Sometimes I think we all enjoy being miserable. We would not pull open the cut on our finger in order to enjoy the pain over again but that is just how we do with our griefs, not only once, but many times. We tear open the wounds made by slights or snubs or cross words and pity ourselves because it hurts. Or we picture the troubles that seem to us inevitable and then weep in advance. We laugh over the girl who wept because maybe some time she might marry and her husband might die and she might be obliged to weave for a living and the baby might crawl under the loom and the shuttle might fall on its head and kill it, 'ah, woe the day!' And while we laugh at her, we are just as foolish ourselves in forecasting trouble.

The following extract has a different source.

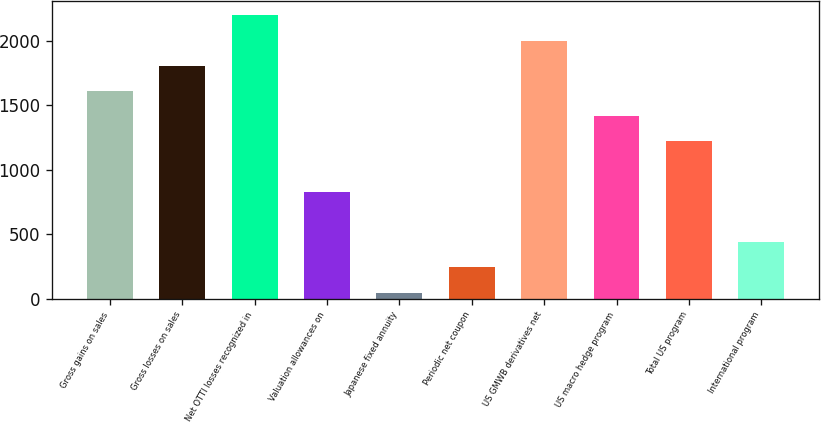Convert chart. <chart><loc_0><loc_0><loc_500><loc_500><bar_chart><fcel>Gross gains on sales<fcel>Gross losses on sales<fcel>Net OTTI losses recognized in<fcel>Valuation allowances on<fcel>Japanese fixed annuity<fcel>Periodic net coupon<fcel>US GMWB derivatives net<fcel>US macro hedge program<fcel>Total US program<fcel>International program<nl><fcel>1612.6<fcel>1808.3<fcel>2199.7<fcel>829.8<fcel>47<fcel>242.7<fcel>2004<fcel>1416.9<fcel>1221.2<fcel>438.4<nl></chart>

We smile at the child who digs up his buried bird to feed it but we continually dig up our buried troubles to feed them with our tears, and so, overburdened with the dead past and the not yet alive future, we stumble where we ought to trip lightly and weep where we should rejoice."

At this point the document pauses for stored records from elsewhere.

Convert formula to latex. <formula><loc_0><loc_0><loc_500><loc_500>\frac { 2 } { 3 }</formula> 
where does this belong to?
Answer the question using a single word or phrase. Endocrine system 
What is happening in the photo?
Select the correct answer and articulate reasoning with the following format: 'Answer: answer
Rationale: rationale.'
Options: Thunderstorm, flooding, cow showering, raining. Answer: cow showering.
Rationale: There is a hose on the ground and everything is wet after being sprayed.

Why not forget all the things that are past
Why not be happy light hearted and gay
Yesterday's skies were with clouds overcast
That need not shut out all the sunshine today
Yesterday's burdens were heavy and sad
Today's will be heavier if we persist
In recounting ever the trials we've had
Why not count up all the troubles we've missed
Yesterday's garments we mended with care
Shall we rip them to pieces again one by one
Just to see how big were the holes we found there
Or to count all the stitches so patiently done
Let's not picture trials the future may bring
Nor add coming burdens to those we now bear
Past cares to the winds let us heartily fling
And fill up the present with love work and prayer
So full that we haven't a moment for tears
With hearts full of sunshine though skies may be gray
With faith so abounding we've no room for fears
Remembering our Father rules over today.
Hints for New Year's Resolutions:
Make sure your goals are not the sort that will find you burning bridges with others on your way to burning out yourself. Remember that the point of what you are doing SHOULD be to bear fruit of the sort useful and sustaining to living souls, real people with hearts, feelings, strengths, weaknesses, made in God's image. You do not want a 'perfect' house and a 'perfect' homeschool that accomplishes primarily 'mechanical action instead of the vital growth and movement of a living being.'
Do not fall prey to marketing schemes trying to sell you the new you.
You cannot buy the new you. It won't come in packages, a boxes or bags. It won't come accompanied with a sales tag. YOu cannot accessorize yourself into greater spirituality or a better personality.
I'm pretty sure that God needs none of those things to make all things new. I am reasonably certain that many of those things even interfere with the sort of renewal God has in mind for you.
I've fallen prey to this line of marketing before, not because of their slick appeals to my weak and lazy inner woman, but because I have a slothful inner woman in the first place. There are many things I want to be able to do, but few of them are things I want to take the time to learn to do. I don't want it to hurt, to require self-discipline, or take much time. I just want to be that new woman much as Cinderella was able to go to the ball. Playing the role of Cinderella in my personal fairy tale dream is yours truly. Playing the role of the Fairy Godmother would be my checkbook, or worse, a credit card. This way lies only disappointment and debt.
You can't buy a better spiritual life. You have to live it, pray it, study it, and you probably have everything you need at home already.
Start the new you by walking away from advertisements and marketing schemes without spending a dime. Become a new you the old fashioned way.